Le film commence par une fin et le titre le revendique. Mina, une jeune patiente qui suit un psychodrame ne veut plus jouer. La scène de psychodrame, où l’enjeu est de mettre en scène une problématique en y jouant son rôle ou celui d’un autre, cette scène s’accomplit dès le début et ne se reproduira plus. La justesse de l’interprétation de Mina dans le rôle du psychologue marquera le reste du film comme l’annonce de la ténacité attentive et professionnelle de celui-ci. En face, la personne qui l’incarne elle, fournit tous les arguments à son « fichez-moi la paix », du bon grain à moudre pour sa défense.

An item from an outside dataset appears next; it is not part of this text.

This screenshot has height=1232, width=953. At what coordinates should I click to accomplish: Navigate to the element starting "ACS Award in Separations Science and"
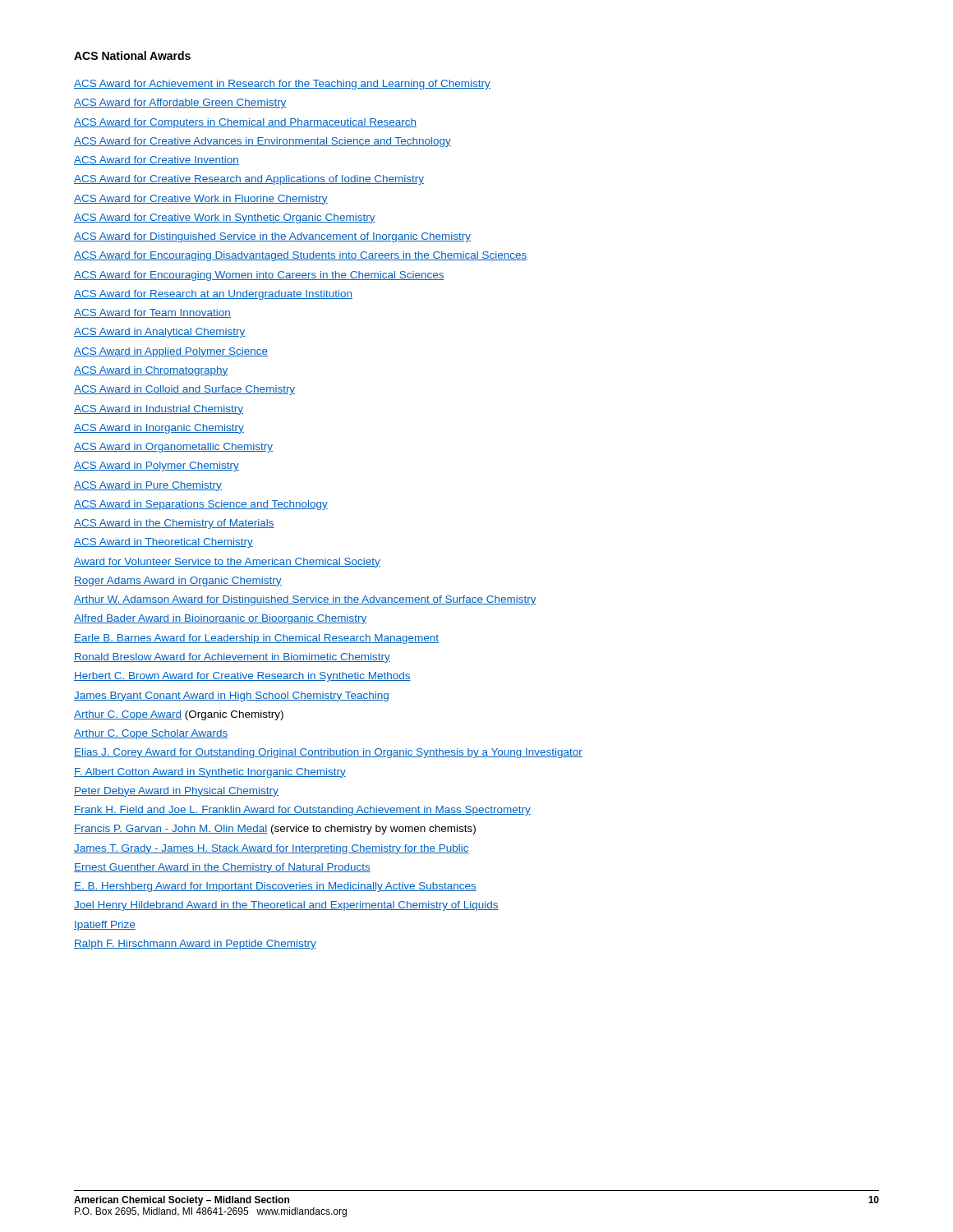[201, 504]

Tout est dit, du moins, tout ce qui s’est joué nous est montré, d’emblée. Et pourtant l’enjeu du film demeure. Il va fonctionner sur le mode du flash-back, ou plutôt du feed-back, soumis à une chronologie bien ordonnée du déroulement des séances. L’attente qui se crée est pour le film comme pour le psychodrame une nouvelle effraction du réel. Un ressort dramatique pour les deux. Rejouer une scène, mettre en scène, changer de rôle, pour essayer d’en comprendre autre chose, démasquer le réel. Tel est l’objet du psychodrame, du cinéma aussi peut-être. Mais ici le réel reprend ses droits, l’espace qu’il occupe dans ce dispositif thérapeutique phagocyte entièrement le film. Dès lors il n’y a plus de film, il se dissout dans le travail à l’œuvre, celui de la relation thérapeutique – le transfert est semble-t-il bien établi à ce qu’il s’en dit –, celui du thérapeute, celui de Mina, camouflée derrière sa résistance. Dans l’incitation à jouer d’autres scènes, dans cette tentative de renouer d’autres émotions, on perçoit les mouvements, les tensions qui s’opèrent alors que la caméra, elle, ne peut que se déplacer sur son axe. Elle balaie le cercle autour de Mina en rasant ses pieds, s’arrêtant au seuil de son corps. Le reste du temps nous offre des gros plans du thérapeute et des allers-retours rapides sur le reste du groupe. Le sujet du film, c’est bien sûr le hors champ, Mina, inaccessible, et aussi son contre-champ, l’équipe, celui qu’il reste à saisir à l’image. En quête de réel, celui qui surgit par instants, au début, puis de façon plus éparse. Le contre-champ, ces regards très concentrés, très attentifs, qui reflètent une densité très forte de l’échange, et aussi du film qui condense cinq séances en quelques dizaines de minutes, c’est ce qu’il reste au film. Et ce qu’il reste du film c’est la fragilité de ces mouvements : ceux de Mina, ses oscillations autour de la question du partage et du plaisir, cette « impression de voir la vie et de ne pas être dedans », sa demande de relation duelle – c’est vrai qu’il y a beaucoup de monde autour d’elle. C’est par instants cocasse mais jamais dérisoire. Quant au regard de Mina, cela reste son affaire, celle de son interprétation à elle.
On se sent bien face à l’écran, car on voit bien que derrière la caméra on ne se sent pas très bien, alors tout cela nous convient bien. Mina est réellement un beau film.